**What you have to do:** When you transcribe the listing that follows, keep every line exact and skip any picture.
========================================================================
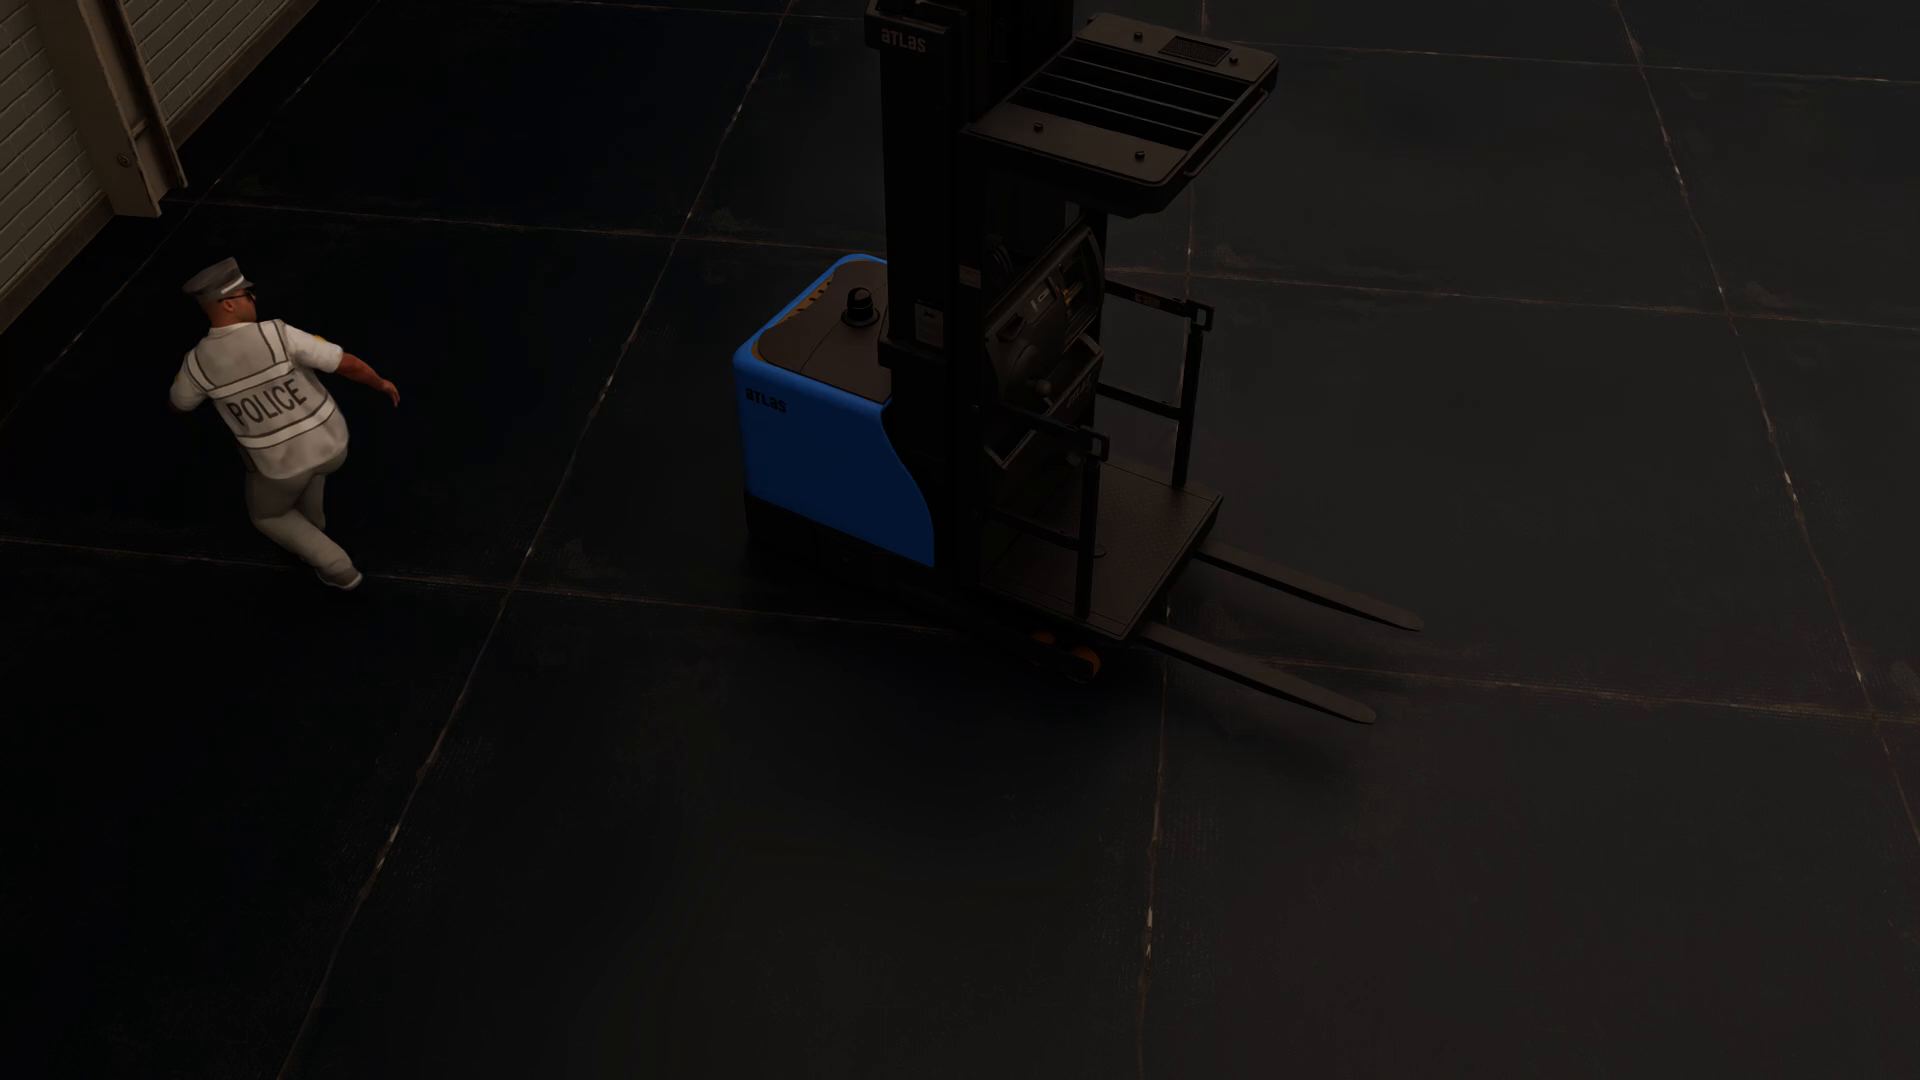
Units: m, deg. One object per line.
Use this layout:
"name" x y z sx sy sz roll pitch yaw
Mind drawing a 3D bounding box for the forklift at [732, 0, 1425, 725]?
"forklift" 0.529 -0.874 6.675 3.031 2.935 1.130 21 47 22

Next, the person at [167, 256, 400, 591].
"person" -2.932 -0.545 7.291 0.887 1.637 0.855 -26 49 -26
========================================================================
**Answer to this exercise:**
Units: m, deg. One object per line.
Use this layout:
"name" x y z sx sy sz roll pitch yaw
Mind drawing a 3D bounding box for the forklift at [732, 0, 1425, 725]?
"forklift" 0.529 -0.874 6.675 3.031 2.935 1.130 21 47 22

Next, the person at [167, 256, 400, 591].
"person" -2.932 -0.545 7.291 0.887 1.637 0.855 -26 49 -26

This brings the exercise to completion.